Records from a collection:
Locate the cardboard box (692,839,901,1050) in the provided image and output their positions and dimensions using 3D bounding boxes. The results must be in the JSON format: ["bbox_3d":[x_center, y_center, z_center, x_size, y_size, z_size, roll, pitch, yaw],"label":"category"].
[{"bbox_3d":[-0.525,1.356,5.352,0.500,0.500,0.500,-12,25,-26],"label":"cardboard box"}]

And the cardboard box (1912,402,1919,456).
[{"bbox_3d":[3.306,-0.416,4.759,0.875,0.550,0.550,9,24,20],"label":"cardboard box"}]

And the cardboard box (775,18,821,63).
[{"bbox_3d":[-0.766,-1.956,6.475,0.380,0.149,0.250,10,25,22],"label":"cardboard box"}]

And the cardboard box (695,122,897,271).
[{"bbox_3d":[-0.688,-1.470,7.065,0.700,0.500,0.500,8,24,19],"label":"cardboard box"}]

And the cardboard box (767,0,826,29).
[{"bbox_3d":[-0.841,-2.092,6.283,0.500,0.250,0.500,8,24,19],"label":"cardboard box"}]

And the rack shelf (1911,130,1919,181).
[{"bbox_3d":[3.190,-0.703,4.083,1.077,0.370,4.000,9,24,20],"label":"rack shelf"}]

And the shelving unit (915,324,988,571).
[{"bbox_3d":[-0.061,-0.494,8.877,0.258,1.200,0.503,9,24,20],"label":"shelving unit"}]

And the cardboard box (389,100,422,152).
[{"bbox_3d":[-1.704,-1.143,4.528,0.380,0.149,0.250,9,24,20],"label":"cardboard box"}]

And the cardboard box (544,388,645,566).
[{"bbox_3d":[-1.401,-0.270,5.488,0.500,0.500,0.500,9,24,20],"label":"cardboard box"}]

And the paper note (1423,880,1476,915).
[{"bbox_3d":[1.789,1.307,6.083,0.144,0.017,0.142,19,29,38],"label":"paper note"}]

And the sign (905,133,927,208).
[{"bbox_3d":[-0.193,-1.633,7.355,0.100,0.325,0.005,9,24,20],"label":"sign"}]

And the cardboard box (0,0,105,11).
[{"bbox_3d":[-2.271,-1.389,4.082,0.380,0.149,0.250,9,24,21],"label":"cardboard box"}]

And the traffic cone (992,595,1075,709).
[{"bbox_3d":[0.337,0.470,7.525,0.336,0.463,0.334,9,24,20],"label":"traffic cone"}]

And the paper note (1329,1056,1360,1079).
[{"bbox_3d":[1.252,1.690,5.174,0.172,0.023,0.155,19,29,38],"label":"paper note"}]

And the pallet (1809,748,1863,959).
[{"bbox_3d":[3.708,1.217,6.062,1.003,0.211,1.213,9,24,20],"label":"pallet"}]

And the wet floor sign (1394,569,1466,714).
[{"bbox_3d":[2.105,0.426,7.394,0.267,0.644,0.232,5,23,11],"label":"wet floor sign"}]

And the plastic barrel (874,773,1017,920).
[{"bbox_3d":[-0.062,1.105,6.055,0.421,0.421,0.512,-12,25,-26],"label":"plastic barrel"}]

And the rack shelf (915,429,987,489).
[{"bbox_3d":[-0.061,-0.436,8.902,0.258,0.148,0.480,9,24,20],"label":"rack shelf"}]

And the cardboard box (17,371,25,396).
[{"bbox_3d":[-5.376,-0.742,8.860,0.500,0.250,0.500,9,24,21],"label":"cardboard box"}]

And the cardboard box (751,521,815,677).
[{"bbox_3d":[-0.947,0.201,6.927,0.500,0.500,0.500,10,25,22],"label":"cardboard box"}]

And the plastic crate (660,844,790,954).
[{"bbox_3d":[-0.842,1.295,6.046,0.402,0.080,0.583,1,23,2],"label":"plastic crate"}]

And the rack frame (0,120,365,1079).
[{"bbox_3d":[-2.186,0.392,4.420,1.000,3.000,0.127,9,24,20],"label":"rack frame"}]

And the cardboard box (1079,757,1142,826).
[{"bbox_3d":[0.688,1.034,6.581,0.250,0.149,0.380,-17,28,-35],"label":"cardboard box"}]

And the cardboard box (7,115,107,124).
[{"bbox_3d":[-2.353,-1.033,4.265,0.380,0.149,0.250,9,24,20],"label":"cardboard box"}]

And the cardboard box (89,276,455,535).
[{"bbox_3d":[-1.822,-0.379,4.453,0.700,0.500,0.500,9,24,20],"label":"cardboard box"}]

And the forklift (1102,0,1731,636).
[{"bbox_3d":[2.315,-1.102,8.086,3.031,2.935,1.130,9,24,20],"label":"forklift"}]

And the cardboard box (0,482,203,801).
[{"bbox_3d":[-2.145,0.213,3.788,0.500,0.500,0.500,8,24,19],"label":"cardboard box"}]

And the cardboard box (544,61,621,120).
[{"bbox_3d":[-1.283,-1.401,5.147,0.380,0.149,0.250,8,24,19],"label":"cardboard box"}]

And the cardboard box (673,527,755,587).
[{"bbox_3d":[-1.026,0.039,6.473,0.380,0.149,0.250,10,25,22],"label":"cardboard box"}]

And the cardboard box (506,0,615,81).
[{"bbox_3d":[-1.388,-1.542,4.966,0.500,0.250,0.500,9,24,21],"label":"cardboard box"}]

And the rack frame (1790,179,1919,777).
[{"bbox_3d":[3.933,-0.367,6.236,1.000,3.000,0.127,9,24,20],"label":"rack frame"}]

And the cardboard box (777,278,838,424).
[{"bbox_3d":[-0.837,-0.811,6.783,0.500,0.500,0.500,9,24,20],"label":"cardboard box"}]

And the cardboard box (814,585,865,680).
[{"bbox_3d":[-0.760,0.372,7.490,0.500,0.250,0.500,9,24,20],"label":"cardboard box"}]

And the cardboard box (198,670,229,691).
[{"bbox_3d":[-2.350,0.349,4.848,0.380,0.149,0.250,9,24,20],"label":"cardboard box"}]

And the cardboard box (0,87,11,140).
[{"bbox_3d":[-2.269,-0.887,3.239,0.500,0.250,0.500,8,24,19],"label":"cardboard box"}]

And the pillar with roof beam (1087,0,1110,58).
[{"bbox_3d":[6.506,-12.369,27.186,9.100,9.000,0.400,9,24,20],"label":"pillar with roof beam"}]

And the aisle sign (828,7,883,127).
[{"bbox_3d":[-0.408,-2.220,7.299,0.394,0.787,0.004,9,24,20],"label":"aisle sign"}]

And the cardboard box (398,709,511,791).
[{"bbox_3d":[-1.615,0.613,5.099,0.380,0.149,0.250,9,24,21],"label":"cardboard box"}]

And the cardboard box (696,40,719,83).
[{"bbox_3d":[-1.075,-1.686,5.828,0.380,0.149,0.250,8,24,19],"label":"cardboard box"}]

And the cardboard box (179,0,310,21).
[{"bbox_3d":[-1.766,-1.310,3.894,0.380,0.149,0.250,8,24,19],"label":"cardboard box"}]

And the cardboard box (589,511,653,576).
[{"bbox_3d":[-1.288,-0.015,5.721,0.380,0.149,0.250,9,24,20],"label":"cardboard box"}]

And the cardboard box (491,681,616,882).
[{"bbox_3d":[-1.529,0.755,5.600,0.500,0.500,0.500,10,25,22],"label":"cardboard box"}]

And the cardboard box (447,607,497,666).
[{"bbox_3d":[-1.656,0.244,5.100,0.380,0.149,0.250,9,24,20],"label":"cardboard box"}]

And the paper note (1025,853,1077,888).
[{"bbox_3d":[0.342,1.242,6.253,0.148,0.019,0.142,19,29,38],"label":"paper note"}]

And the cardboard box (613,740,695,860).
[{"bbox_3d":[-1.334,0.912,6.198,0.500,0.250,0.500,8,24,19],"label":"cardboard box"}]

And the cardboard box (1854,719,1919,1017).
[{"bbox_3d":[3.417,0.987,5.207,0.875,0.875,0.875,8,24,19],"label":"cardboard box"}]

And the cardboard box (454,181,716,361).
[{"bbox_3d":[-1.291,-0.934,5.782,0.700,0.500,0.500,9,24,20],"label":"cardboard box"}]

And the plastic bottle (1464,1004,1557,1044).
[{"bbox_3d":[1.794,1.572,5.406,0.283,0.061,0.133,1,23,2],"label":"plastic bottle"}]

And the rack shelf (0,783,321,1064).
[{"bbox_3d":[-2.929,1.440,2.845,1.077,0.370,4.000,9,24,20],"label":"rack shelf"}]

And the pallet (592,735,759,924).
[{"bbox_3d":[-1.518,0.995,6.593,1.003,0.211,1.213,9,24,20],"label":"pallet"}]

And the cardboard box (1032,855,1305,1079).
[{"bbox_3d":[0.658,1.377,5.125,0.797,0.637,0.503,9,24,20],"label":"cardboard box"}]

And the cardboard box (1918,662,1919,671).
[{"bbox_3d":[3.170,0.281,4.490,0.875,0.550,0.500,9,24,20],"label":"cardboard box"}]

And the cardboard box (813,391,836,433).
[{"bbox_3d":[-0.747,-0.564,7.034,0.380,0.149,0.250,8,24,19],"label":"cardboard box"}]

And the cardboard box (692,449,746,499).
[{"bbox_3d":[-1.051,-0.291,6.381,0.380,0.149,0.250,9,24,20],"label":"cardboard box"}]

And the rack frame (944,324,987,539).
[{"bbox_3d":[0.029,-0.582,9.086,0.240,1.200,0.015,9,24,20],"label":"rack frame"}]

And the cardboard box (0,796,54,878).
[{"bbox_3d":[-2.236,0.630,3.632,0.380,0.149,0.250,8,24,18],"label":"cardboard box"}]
==
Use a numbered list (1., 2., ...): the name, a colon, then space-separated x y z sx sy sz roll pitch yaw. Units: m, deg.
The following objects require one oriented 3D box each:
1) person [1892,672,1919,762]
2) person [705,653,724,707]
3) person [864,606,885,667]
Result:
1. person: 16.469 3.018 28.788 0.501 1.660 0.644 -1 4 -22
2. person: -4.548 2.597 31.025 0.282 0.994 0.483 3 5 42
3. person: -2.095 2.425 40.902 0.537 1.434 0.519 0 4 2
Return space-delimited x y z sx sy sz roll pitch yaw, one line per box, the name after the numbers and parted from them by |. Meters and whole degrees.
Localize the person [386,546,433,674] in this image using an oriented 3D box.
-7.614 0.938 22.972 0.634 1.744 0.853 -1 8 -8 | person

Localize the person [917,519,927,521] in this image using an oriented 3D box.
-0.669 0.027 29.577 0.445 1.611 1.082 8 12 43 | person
--
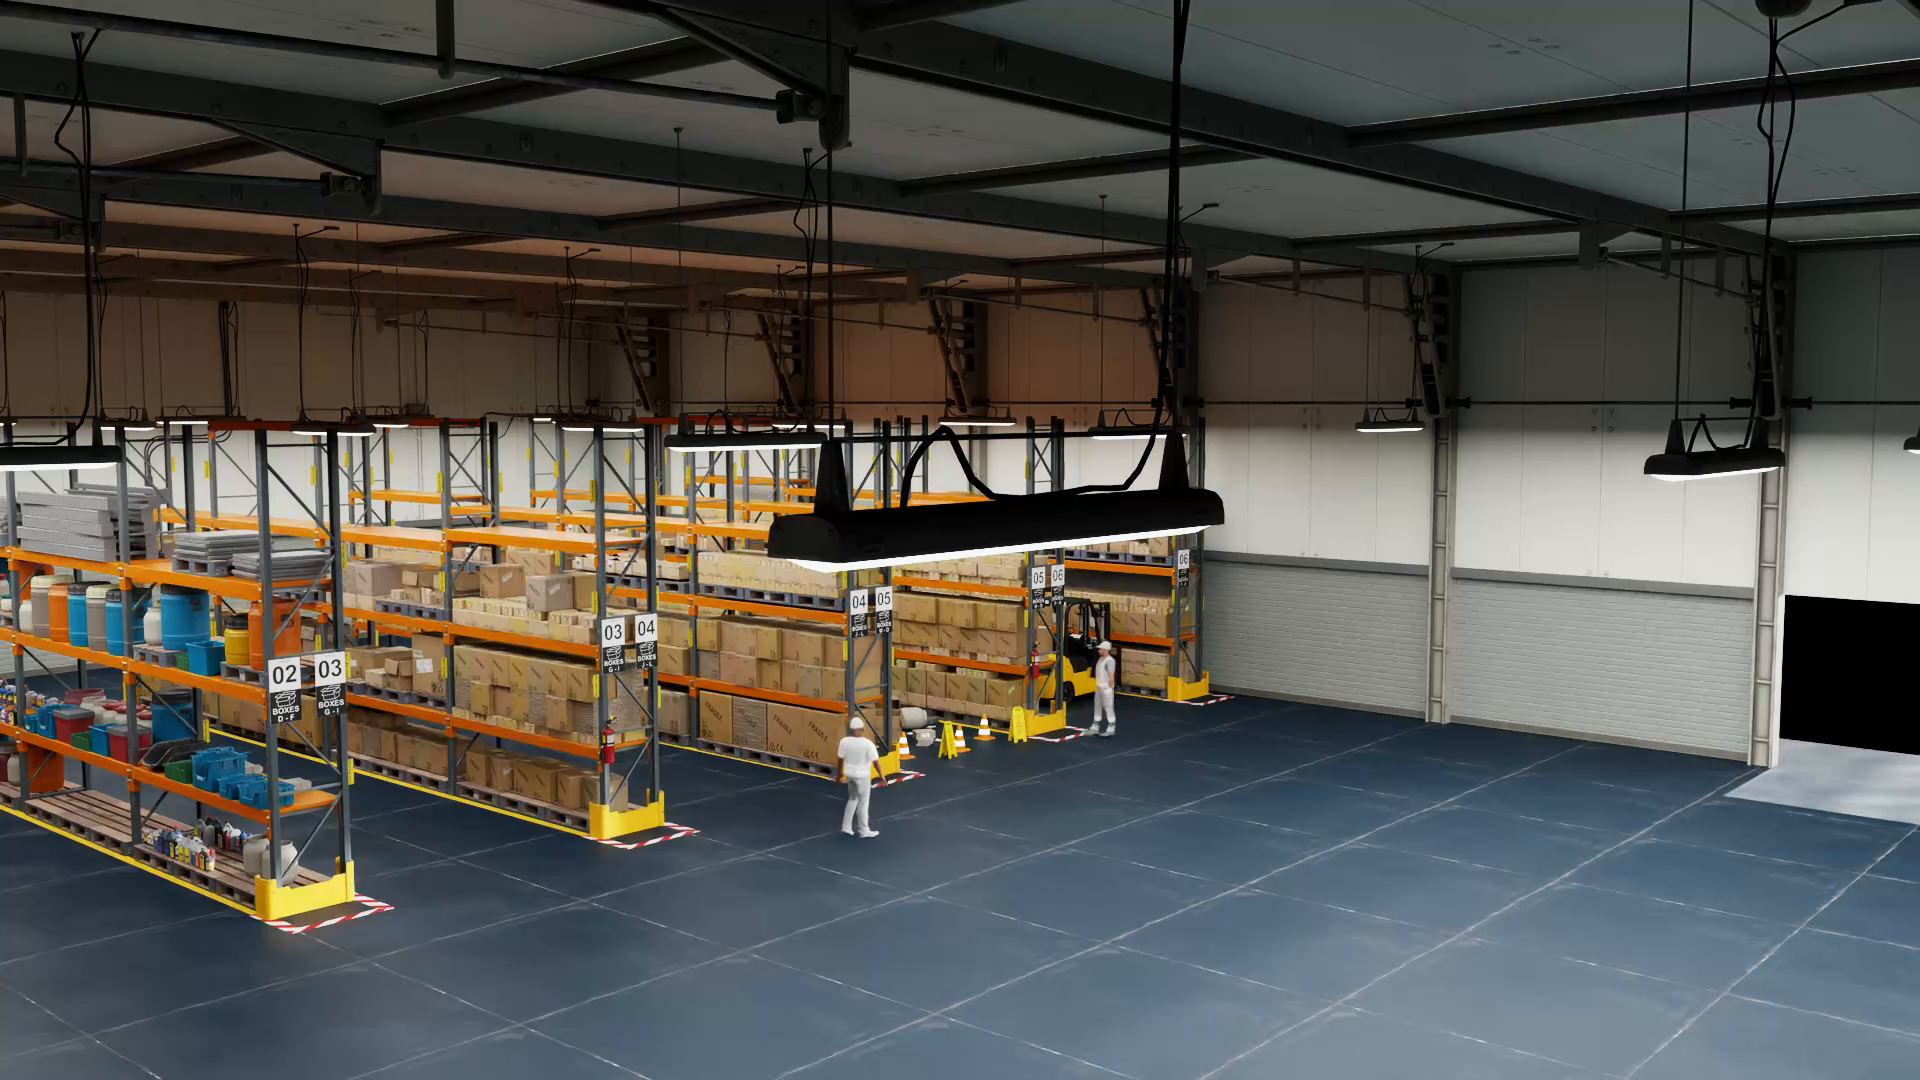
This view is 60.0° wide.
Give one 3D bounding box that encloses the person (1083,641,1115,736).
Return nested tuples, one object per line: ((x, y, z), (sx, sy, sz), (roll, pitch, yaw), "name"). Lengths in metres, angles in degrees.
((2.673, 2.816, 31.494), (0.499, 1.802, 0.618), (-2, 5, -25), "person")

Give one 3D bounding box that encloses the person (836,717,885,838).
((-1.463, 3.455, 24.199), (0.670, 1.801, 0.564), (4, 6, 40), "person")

TASK DETAILS: Using the records above, work out the number of lines that contain "space" and write only that number.

RESPONSE: 2